The core of this system lies in the DataclassTransformer and PydanticTransformer classes within flyte.types._type_engine. These transformers manage the lifecycle of structured data, from Python objects to binary transport formats and JSON schemas for the Flyte UI.

Dataclasses and Mashumaro

The DataclassTransformer handles standard Python dataclasses. It relies on the mashumaro library to perform efficient serialization.

Serialization and Transport

When a dataclass is used as a task output, the transformer converts it into MessagePack bytes. This format is chosen for its efficiency and compactness compared to standard JSON.

The lifecycle in DataclassTransformer.to_literal follows these steps:

  1. Lazy Uploading: Before serialization, the transformer calls _invoke_lazy_uploaders. This ensures that any nested Flyte IO types (like FlyteFile or FlyteDirectory) are uploaded to the blob store before the parent object is serialized.
  2. Encoding: It uses a MessagePackEncoder (from mashumaro) to convert the dataclass into bytes.
  3. IDL Representation: The bytes are wrapped in a Flyte Literal as a Binary scalar with the MESSAGEPACK tag.

JSON Schema Generation

To enable the Flyte UI to display and validate these structures, DataclassTransformer.get_literal_type generates a JSON schema (Draft 2020-12) using mashumaro.jsonschema.build_json_schema. This schema is embedded in the LiteralType metadata.

# Example of a nested dataclass structure
@dataclass
class InferenceRequest:
feature_a: float
feature_b: float

@dataclass
class BatchRequest:
requests: List[InferenceRequest]

Pydantic Models

The PydanticTransformer provides support for Pydantic's BaseModel. This is particularly useful for data validation and when working with existing Pydantic-based codebases.

Handling Flyte IO Types

When using Flyte-specific types like File or Dir inside a Pydantic model, you must enable arbitrary_types_allowed in the model's configuration. This allows Pydantic to accept Flyte's internal IO classes which are not standard Python types.

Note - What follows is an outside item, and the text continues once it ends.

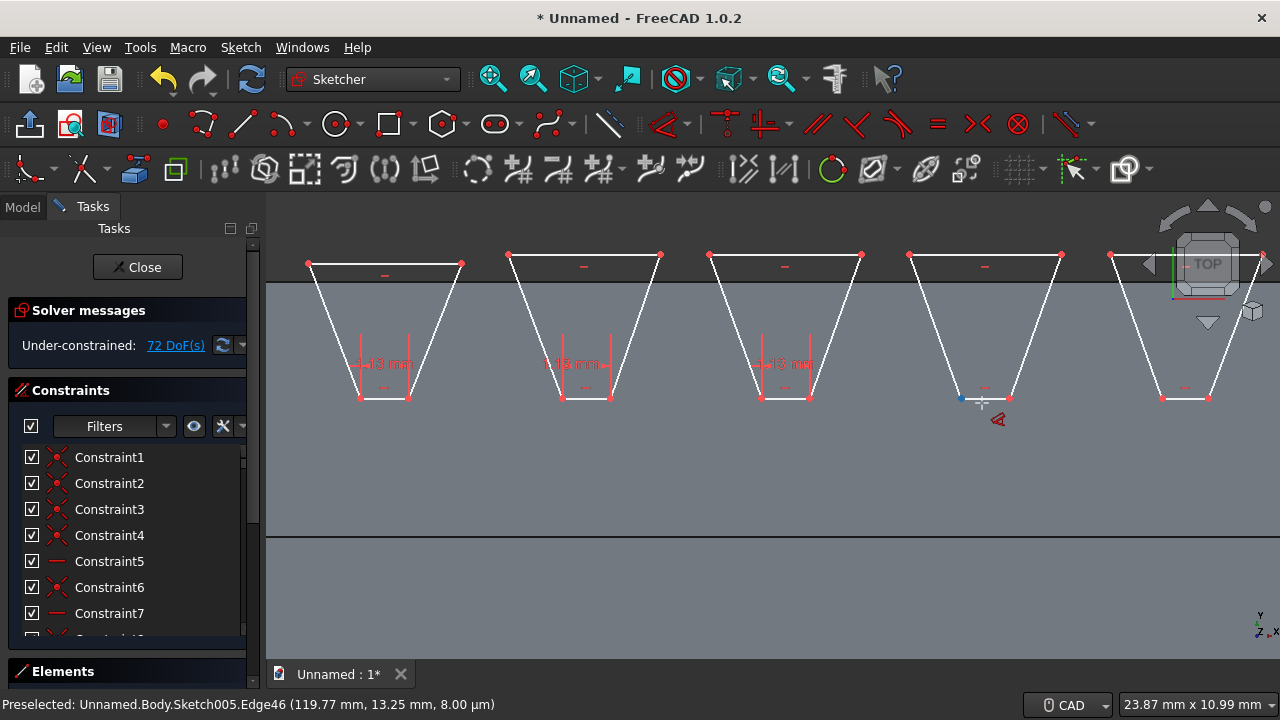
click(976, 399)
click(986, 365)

from pydantic import BaseModel
from flyte.io import File

class BatchPredictionResults(BaseModel):
predictions: List[float]
results_file: File

class Config:
arbitrary_types_allowed = True

Enum Consistency

Flyte maintains consistency between standalone Enums and Enums nested within Pydantic models. The CustomPydanticJsonSchemaGenerator ensures that Enums are represented by their member names (e.g., "RED") rather than their values (e.g., 1) in the generated JSON schema. This matches the behavior of Flyte's EnumTransformer.

Nested Flyte IO Types

One of the most powerful features of the structured data implementation is the recursive handling of Flyte IO types. If a dataclass or Pydantic model contains a flyte.io.File, flyte.io.Dir, or StructuredDataset, the Flyte SDK automatically manages the data movement.

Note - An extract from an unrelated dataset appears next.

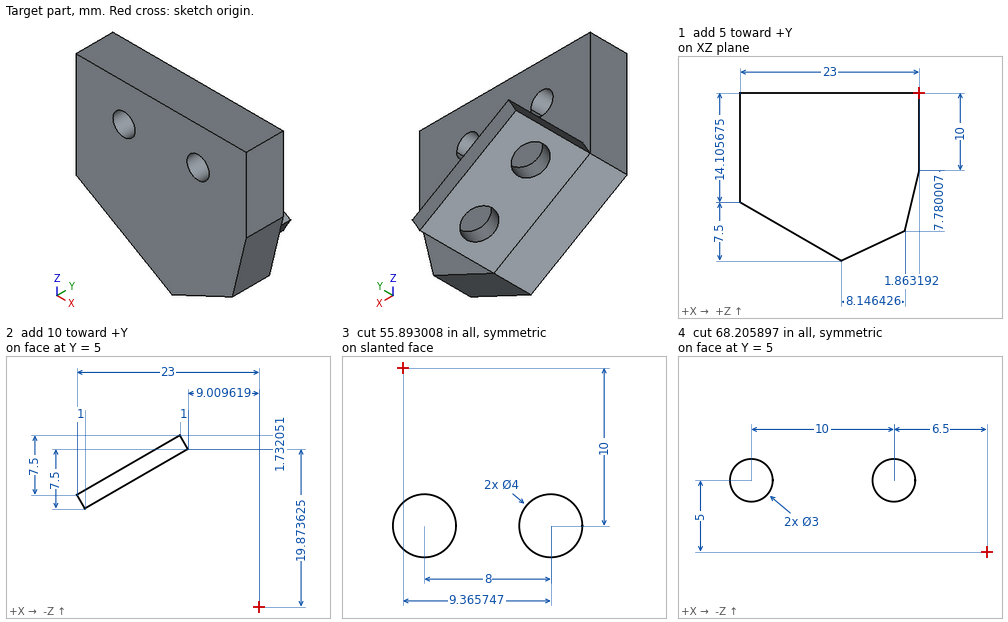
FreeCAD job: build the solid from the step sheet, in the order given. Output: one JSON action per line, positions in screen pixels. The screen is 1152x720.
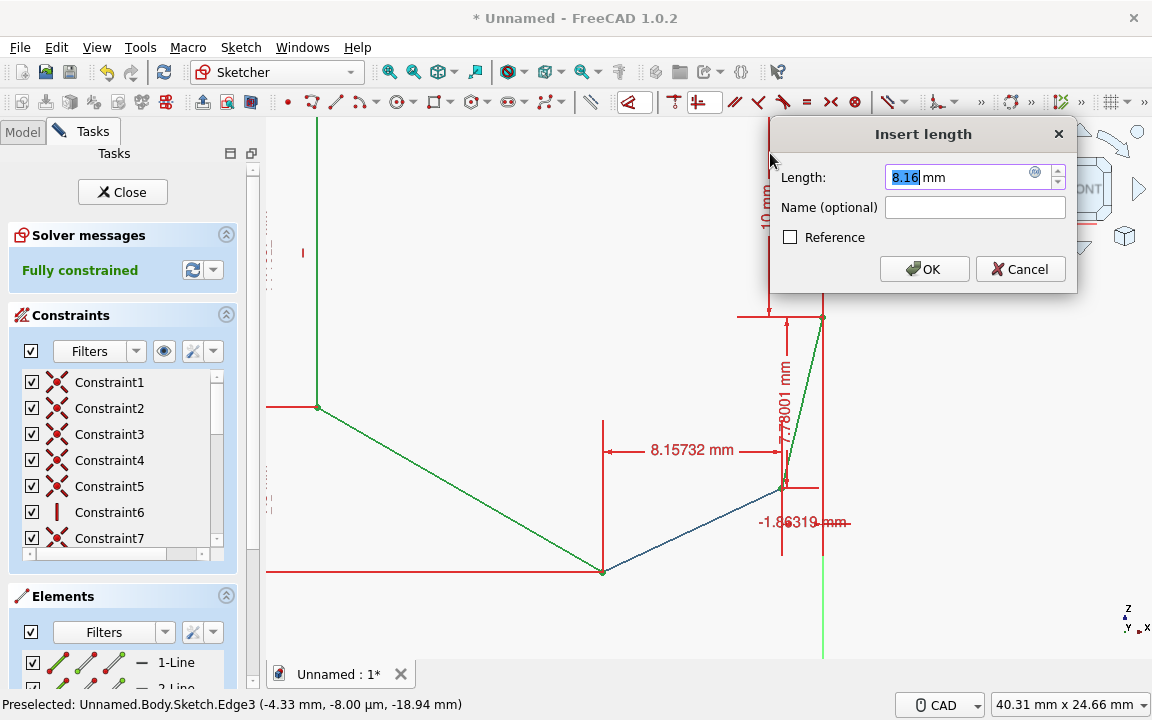
{"action": "type", "text": "8.146426"}
{"action": "key", "text": "Return"}

In to_literal, both transformers execute:

await _invoke_lazy_uploaders(python_val)

This function traverses the object tree and triggers the upload of any local files to the remote Flyte metadata store (e.g., S3/GCS). When the task on the receiving end deserializes the object, these IO types are reconstructed with their remote paths, ready for the next task to download or stream.

Interoperability: Pydantic inside Dataclasses

The codebase provides a PydanticSchemaPlugin for mashumaro. This plugin allows DataclassTransformer to correctly generate JSON schemas even when a dataclass contains a Pydantic BaseModel as a field. It bridges the two systems by delegating schema generation for the Pydantic field to Pydantic's own model_json_schema method.

Performance and Metadata

Both transformers use MessagePack for binary transport, which is indicated in the LiteralType metadata:

meta_struct.update(
{
CACHE_KEY_METADATA: {
SERIALIZATION_FORMAT: MESSAGEPACK,
}
}
)

This metadata ensures that the Flyte engine and other SDKs know how to decode the binary payload. If the original Python class is unavailable (e.g., when inspecting a execution from a different environment), the guess_python_type method in both transformers can reconstruct a dynamic class from the JSON schema metadata stored in the LiteralType.